Privacy-focused design addresses the concerns of the 68% of global consumers who are worried about online privacy and the 57% who see AI as a significant privacy threat. Practices such as limiting data access, using clear access controls, improving transparency, and processing data on devices where feasible can help organizations address the trust gap that leaves 70% of Americans skeptical of companies’ AI decisions.
What can organizations do to reduce AI-related security risks?

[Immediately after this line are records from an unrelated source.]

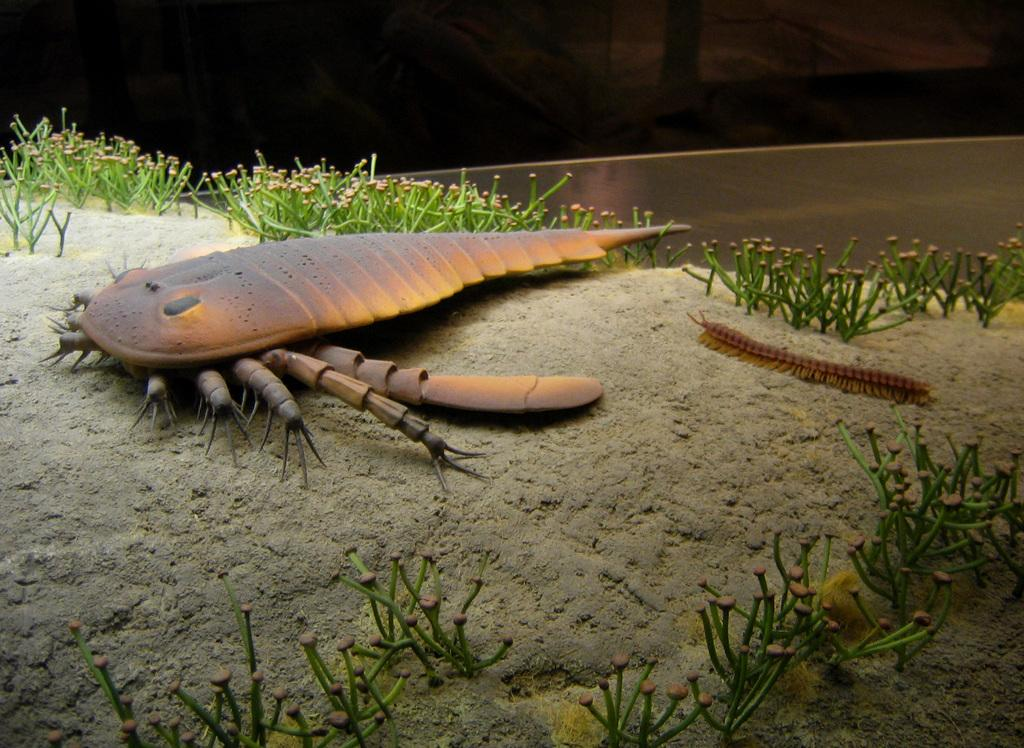What can be seen in the front of the image? There are insects and plants in the front of the image. Can you describe the insects in the image? The insects in the image are not specified, but they are present in the front. What is the color of the background in the image? The background of the image is dark. What songs are the insects singing in the image? There is no indication in the image that the insects are singing songs, so it cannot be determined from the picture. 
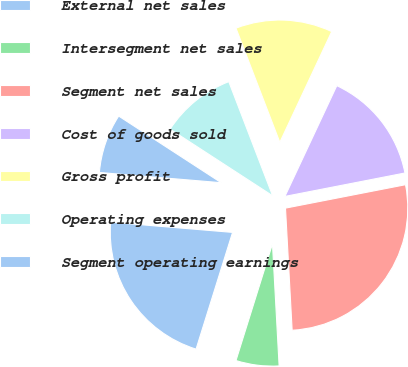Convert chart to OTSL. <chart><loc_0><loc_0><loc_500><loc_500><pie_chart><fcel>External net sales<fcel>Intersegment net sales<fcel>Segment net sales<fcel>Cost of goods sold<fcel>Gross profit<fcel>Operating expenses<fcel>Segment operating earnings<nl><fcel>21.51%<fcel>5.69%<fcel>27.2%<fcel>14.96%<fcel>12.81%<fcel>9.99%<fcel>7.84%<nl></chart> 
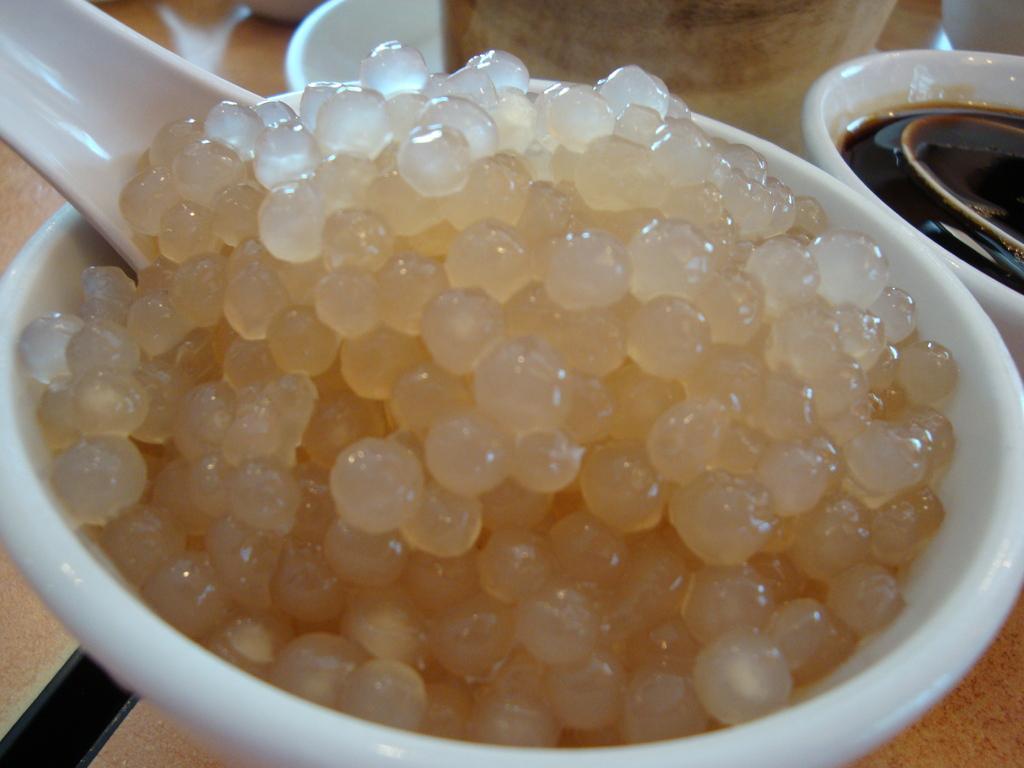Could you give a brief overview of what you see in this image? In the center of this picture we can see a white color bowl containing some food item which seems to be a sago and a white color object which seems to be the spoon. In the background we can see some other objects and some food items and the wooden object seems to be the table.

Organizations can reduce AI-related risks by creating an inventory of approved AI tools, establishing governance policies, defining access controls, monitoring AI usage with runtime controls, and addressing employee use of personal AI accounts. These measures are especially important because 97% of organizations that experienced AI security incidents lacked proper access controls, while 69% of employees using generative AI for work also used personal tools through personal devices or accounts.